Over 100 environmental advocates, union workers and community members gathered outside the steps of the Nassau County Legislature in Mineola on Tues., April 22, to protest President Donald Trump’s decision to halt wind projects off the coast of Long Island.
The crowd, which Executive Director of Citizens Campaign for the Environment Adienne Esposito said came together on short notice, included dozens of carpenters, ironworkers, painters and electricians.
The demonstrators demanded that the Trump administration lift its stoppage of the Empire Wind 1 project, which U.S. Interior Secretary Doug Burgum halted April 16.
“The event was clearly to tell everyone that offshore wind is not a Republican issue, it’s not a Democratic issue, it’s a public health issue, and that climate change is real,” Esposito said. We need to address it.
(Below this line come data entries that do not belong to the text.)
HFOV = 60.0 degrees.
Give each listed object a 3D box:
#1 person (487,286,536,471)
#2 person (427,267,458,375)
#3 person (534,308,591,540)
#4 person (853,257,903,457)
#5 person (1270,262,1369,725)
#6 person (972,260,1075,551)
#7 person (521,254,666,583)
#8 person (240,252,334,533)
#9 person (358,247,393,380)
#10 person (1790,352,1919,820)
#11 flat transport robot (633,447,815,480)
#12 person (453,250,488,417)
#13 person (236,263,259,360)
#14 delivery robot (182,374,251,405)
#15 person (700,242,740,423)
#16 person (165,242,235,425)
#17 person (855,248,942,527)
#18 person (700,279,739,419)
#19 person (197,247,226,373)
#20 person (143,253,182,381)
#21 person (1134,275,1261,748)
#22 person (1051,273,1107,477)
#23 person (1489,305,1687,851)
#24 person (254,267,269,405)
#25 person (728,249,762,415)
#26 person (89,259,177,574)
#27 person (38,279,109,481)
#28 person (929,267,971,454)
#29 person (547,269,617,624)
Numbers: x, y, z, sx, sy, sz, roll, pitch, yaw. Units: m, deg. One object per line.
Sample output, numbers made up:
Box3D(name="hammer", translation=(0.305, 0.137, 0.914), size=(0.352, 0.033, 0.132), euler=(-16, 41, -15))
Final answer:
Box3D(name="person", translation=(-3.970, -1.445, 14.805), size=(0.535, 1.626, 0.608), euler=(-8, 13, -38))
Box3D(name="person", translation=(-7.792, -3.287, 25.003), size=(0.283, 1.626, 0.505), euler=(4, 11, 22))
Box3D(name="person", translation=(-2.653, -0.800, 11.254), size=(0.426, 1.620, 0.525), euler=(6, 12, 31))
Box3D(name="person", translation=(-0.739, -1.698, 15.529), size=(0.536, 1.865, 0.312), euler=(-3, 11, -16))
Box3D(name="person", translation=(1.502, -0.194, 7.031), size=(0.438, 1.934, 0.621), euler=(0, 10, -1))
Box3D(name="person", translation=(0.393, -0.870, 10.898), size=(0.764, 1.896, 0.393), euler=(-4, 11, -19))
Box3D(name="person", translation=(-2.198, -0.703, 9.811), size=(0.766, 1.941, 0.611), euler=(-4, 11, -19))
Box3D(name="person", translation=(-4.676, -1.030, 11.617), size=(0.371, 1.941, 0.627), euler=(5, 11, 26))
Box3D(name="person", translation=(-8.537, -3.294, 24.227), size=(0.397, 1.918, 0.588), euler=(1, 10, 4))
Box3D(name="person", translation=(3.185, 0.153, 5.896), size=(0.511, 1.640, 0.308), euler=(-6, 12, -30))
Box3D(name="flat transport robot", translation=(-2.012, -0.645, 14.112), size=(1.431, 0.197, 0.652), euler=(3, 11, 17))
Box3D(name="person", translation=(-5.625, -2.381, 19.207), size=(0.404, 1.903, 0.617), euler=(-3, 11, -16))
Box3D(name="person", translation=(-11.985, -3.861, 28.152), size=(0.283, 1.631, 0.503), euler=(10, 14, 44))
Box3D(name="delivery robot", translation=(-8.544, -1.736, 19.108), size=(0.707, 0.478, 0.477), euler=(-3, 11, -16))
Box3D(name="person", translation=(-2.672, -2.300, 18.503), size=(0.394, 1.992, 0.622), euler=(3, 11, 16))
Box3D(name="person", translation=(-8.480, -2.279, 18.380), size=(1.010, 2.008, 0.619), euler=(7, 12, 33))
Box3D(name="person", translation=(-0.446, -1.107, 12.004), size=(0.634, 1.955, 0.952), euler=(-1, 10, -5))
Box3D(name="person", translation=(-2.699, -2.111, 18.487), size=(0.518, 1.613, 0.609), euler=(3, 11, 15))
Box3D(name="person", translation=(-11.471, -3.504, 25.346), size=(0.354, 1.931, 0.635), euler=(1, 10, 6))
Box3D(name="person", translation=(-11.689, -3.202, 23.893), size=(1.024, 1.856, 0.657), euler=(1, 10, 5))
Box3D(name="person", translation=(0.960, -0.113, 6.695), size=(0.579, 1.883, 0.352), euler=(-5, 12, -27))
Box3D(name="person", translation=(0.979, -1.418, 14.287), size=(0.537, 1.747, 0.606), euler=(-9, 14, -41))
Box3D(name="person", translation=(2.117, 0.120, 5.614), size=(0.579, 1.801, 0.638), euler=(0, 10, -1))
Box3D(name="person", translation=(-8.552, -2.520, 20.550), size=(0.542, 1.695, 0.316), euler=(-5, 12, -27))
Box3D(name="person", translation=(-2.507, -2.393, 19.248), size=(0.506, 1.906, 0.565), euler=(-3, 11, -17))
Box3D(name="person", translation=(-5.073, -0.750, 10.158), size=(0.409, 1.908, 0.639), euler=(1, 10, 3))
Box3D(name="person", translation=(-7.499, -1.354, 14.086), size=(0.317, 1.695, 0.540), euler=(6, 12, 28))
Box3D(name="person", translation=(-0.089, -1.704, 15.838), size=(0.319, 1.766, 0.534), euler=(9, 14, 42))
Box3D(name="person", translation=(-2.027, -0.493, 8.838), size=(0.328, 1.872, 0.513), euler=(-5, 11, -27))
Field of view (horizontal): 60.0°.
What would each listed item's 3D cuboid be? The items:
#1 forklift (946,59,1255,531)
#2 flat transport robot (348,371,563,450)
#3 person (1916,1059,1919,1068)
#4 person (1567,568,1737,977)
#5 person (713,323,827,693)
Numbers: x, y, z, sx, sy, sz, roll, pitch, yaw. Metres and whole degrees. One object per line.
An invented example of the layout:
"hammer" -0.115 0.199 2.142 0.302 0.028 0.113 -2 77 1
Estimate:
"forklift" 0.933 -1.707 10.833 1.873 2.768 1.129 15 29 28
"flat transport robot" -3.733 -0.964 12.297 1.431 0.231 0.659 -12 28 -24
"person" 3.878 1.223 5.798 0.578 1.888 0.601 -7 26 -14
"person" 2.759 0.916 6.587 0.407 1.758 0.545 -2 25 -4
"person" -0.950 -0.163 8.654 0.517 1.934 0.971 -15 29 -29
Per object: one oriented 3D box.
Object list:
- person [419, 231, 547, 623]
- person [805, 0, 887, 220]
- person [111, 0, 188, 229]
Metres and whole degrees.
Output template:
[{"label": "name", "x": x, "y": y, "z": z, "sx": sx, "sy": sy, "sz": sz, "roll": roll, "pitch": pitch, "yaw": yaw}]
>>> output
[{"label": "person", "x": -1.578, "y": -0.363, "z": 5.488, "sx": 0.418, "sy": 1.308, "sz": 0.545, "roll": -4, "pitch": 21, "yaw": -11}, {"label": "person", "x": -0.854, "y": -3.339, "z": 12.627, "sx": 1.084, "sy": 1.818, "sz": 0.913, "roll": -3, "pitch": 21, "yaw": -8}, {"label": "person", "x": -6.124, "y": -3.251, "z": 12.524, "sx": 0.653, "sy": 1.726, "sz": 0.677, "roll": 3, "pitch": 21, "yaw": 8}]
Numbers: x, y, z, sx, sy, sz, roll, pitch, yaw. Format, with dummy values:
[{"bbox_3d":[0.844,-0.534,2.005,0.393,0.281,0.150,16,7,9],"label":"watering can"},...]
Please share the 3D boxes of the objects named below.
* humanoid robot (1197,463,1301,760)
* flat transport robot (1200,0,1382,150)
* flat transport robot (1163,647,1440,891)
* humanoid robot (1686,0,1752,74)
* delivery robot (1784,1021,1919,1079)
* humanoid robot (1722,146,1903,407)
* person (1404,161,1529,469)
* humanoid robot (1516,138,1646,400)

We need to advance renewables in order to do that, and we should be working together collaboratively to take on that challenge. Ignoring climate science doesn’t fix the problem. It makes it worse.”
If constructed, the Empire Wind 1 project would span 80,000 acres of water around 15 to 30 miles off the Long Island coast, and according to the project’s developer, Equinor, would power around 500,000 homes across New York City.
Burgum announced a stoppage to the offshore wind project on X, formerly known as Twitter, until further review of “information that suggests the Biden administration rushed through its approval without sufficient analysis.”
Earlier on the same day, Nassau County Executive Bruce Blakeman hosted a press conference in Long Beach calling for the project’s termination and joined with other county elected officials like Town of Oyster Bay Supervisor Joseph Saladino, Town of North Hempstead Supervisor Jennifer DeSena and state Assembly member Ari Brown in calling state renewable energy initiatives a land, water and money grab.
At the Mineola protest, workers from unions including Carpenters Local #290 and 32BJ SEIU spoke about the loss of their jobs due to the halting of the wind project.
Other speakers included an expert on whales, who discussed the potential for offshore wind projects to have minimal negative impacts on marine life.
On his first day in office, Trump signed an executive order declaring a national energy emergency that encouraged the expansion of the country’s energy infrastructure, a point that Esposito said the Empire Wind 1 project would have helped address.
“Listen, the president declared an energy emergency. Therefore, we should be using all the sources of energy that we have, including offshore wind,” Esposito said. “It’s a reliable, clean, safe source of energy that’s homegrown here in America, and it’s creating thousands of good-paying jobs for Americans.”